■ **MATERIAL FOR THIS EXERCISE**
★ ★ ★ ★

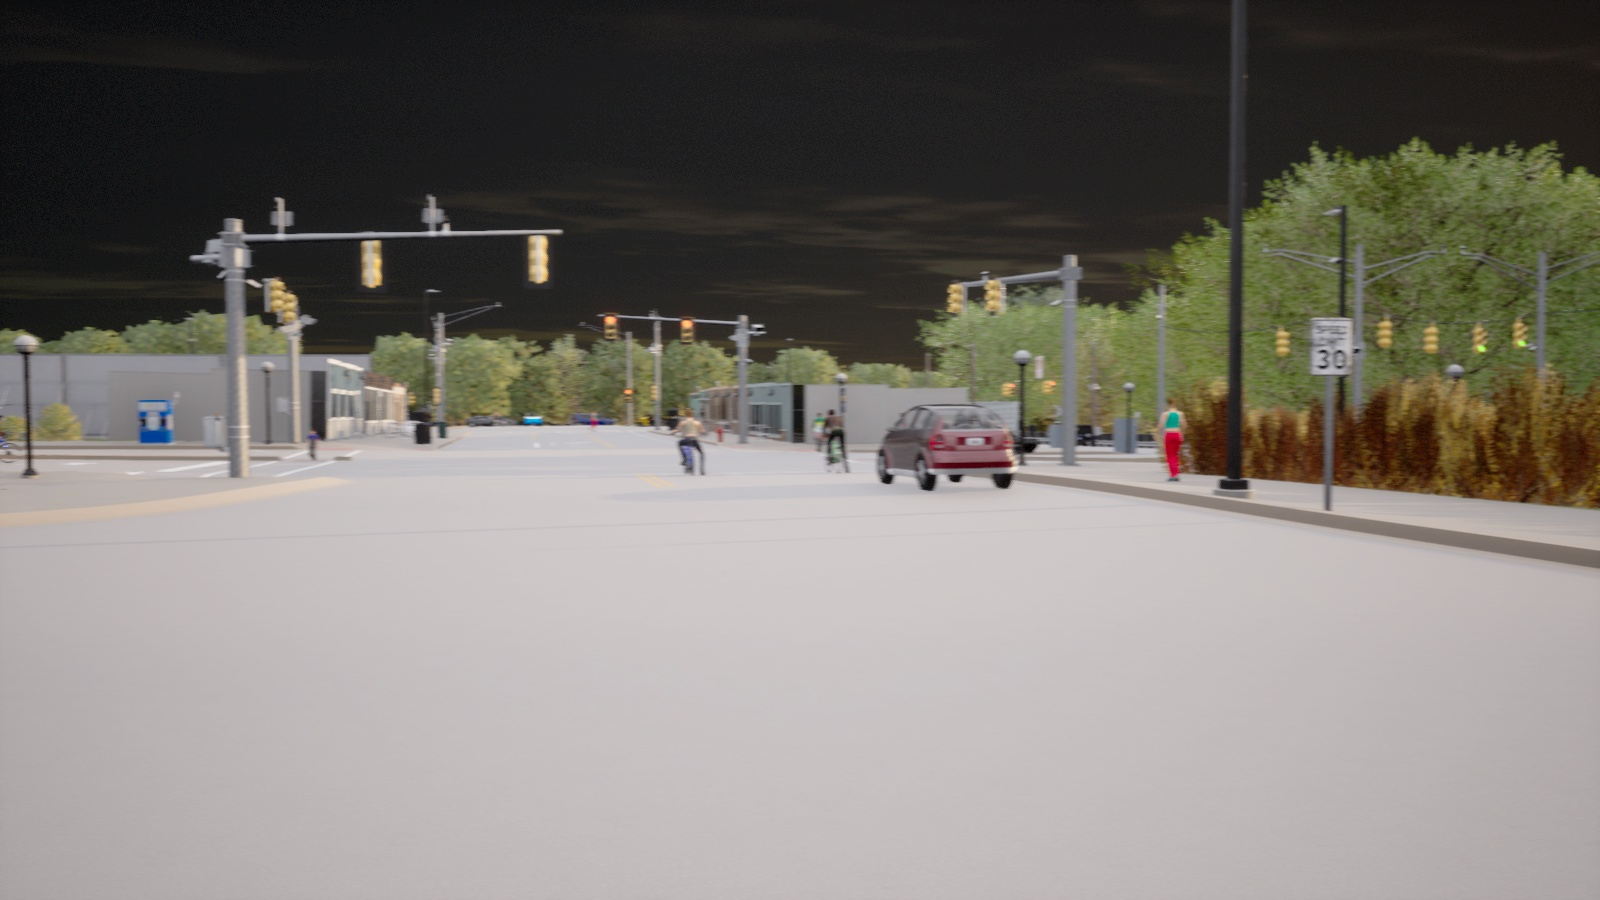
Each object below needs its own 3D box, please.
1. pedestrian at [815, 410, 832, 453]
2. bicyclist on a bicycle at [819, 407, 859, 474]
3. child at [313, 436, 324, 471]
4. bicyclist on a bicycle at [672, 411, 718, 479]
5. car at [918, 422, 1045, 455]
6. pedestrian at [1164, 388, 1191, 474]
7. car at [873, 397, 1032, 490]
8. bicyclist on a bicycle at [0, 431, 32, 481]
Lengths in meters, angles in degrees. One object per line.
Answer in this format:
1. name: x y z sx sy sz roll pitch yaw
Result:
1. pedestrian: 1.061 -0.847 57.097 0.659 1.952 0.873 -1 3 7
2. bicyclist on a bicycle: 0.971 -0.234 31.640 0.582 1.620 1.656 -2 0 -12
3. child: -17.726 0.120 46.258 0.270 1.263 0.437 -2 3 -11
4. bicyclist on a bicycle: -2.601 -0.128 30.899 0.866 1.612 1.509 -2 1 -13
5. car: 7.380 -0.480 51.126 4.718 1.301 1.895 0 2 -17
6. pedestrian: 8.143 -0.420 27.083 0.345 1.836 0.594 -2 3 -3
7. car: 2.777 -0.140 23.717 1.789 1.549 3.705 -2 1 -13
8. bicyclist on a bicycle: -26.479 0.201 41.577 1.656 1.620 0.582 0 2 -16
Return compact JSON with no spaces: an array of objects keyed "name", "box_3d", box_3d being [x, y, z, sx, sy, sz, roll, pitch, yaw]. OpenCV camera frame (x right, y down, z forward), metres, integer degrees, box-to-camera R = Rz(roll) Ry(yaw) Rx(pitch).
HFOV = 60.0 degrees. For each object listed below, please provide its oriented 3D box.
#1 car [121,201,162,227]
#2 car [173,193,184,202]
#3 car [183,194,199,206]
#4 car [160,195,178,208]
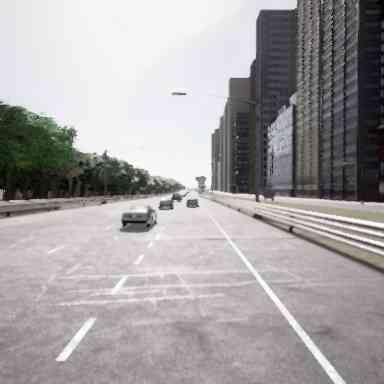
[{"name":"car","box_3d":[-3.488,1.532,22.567,2.033,1.411,5.357,0,0,0]},{"name":"car","box_3d":[-3.672,1.298,79.155,2.150,2.045,5.566,0,0,0]},{"name":"car","box_3d":[0.051,1.519,53.272,2.128,1.511,4.902,0,0,0]},{"name":"car","box_3d":[-3.528,1.493,46.571,2.128,1.511,4.902,0,0,0]}]
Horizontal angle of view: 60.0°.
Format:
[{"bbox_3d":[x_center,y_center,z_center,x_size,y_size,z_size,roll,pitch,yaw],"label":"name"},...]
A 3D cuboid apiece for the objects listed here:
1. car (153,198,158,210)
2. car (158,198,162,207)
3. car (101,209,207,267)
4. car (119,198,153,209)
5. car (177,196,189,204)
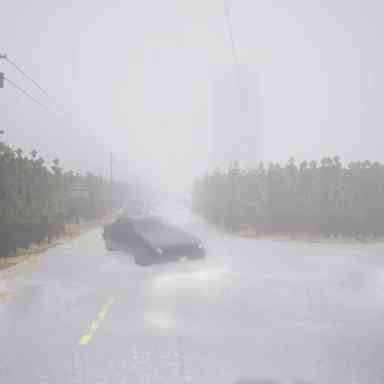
[{"bbox_3d":[-5.310,1.562,38.352,1.994,1.385,4.181,0,0,-4],"label":"car"},{"bbox_3d":[-5.768,1.561,51.786,1.994,1.385,4.181,0,0,1],"label":"car"},{"bbox_3d":[-1.665,1.547,11.825,2.033,1.411,5.357,0,0,-32],"label":"car"},{"bbox_3d":[-4.266,1.352,24.928,2.097,1.767,4.553,0,0,-4],"label":"car"},{"bbox_3d":[-1.790,1.522,65.686,1.812,1.442,4.674,0,0,4],"label":"car"}]

★ ★ ★ ★

■ **YOUR GOAL**
Every line of the listing should be repeated exactly; no picture should appear.

■ **RESPONSE BOX**
Each object below needs its own 3D box, please.
1. pedestrian at [815, 410, 832, 453]
2. bicyclist on a bicycle at [819, 407, 859, 474]
3. child at [313, 436, 324, 471]
4. bicyclist on a bicycle at [672, 411, 718, 479]
5. car at [918, 422, 1045, 455]
6. pedestrian at [1164, 388, 1191, 474]
7. car at [873, 397, 1032, 490]
8. bicyclist on a bicycle at [0, 431, 32, 481]
Lengths in meters, angles in degrees. One object per line.
Answer in this format:
1. name: x y z sx sy sz roll pitch yaw
Result:
1. pedestrian: 1.061 -0.847 57.097 0.659 1.952 0.873 -1 3 7
2. bicyclist on a bicycle: 0.971 -0.234 31.640 0.582 1.620 1.656 -2 0 -12
3. child: -17.726 0.120 46.258 0.270 1.263 0.437 -2 3 -11
4. bicyclist on a bicycle: -2.601 -0.128 30.899 0.866 1.612 1.509 -2 1 -13
5. car: 7.380 -0.480 51.126 4.718 1.301 1.895 0 2 -17
6. pedestrian: 8.143 -0.420 27.083 0.345 1.836 0.594 -2 3 -3
7. car: 2.777 -0.140 23.717 1.789 1.549 3.705 -2 1 -13
8. bicyclist on a bicycle: -26.479 0.201 41.577 1.656 1.620 0.582 0 2 -16
Return compact JSON with no spaces: an array of objects keyed "name", "box_3d", box_3d being [x, y, z, sx, sy, sz, roll, pitch, yaw]. OpenCV camera frame (x right, y down, z forward), metres, integer degrees, box-to-camera R = Rz(roll) Ry(yaw) Rx(pitch).
HFOV = 60.0 degrees. For each object listed below, please provide its oriented 3D box.
#1 car [121,201,162,227]
#2 car [173,193,184,202]
#3 car [183,194,199,206]
#4 car [160,195,178,208]
[{"name":"car","box_3d":[-3.488,1.532,22.567,2.033,1.411,5.357,0,0,0]},{"name":"car","box_3d":[-3.672,1.298,79.155,2.150,2.045,5.566,0,0,0]},{"name":"car","box_3d":[0.051,1.519,53.272,2.128,1.511,4.902,0,0,0]},{"name":"car","box_3d":[-3.528,1.493,46.571,2.128,1.511,4.902,0,0,0]}]
Horizontal angle of view: 60.0°.
Format:
[{"bbox_3d":[x_center,y_center,z_center,x_size,y_size,z_size,roll,pitch,yaw],"label":"name"},...]
A 3D cuboid apiece for the objects listed here:
1. car (153,198,158,210)
2. car (158,198,162,207)
3. car (101,209,207,267)
4. car (119,198,153,209)
5. car (177,196,189,204)
[{"bbox_3d":[-5.310,1.562,38.352,1.994,1.385,4.181,0,0,-4],"label":"car"},{"bbox_3d":[-5.768,1.561,51.786,1.994,1.385,4.181,0,0,1],"label":"car"},{"bbox_3d":[-1.665,1.547,11.825,2.033,1.411,5.357,0,0,-32],"label":"car"},{"bbox_3d":[-4.266,1.352,24.928,2.097,1.767,4.553,0,0,-4],"label":"car"},{"bbox_3d":[-1.790,1.522,65.686,1.812,1.442,4.674,0,0,4],"label":"car"}]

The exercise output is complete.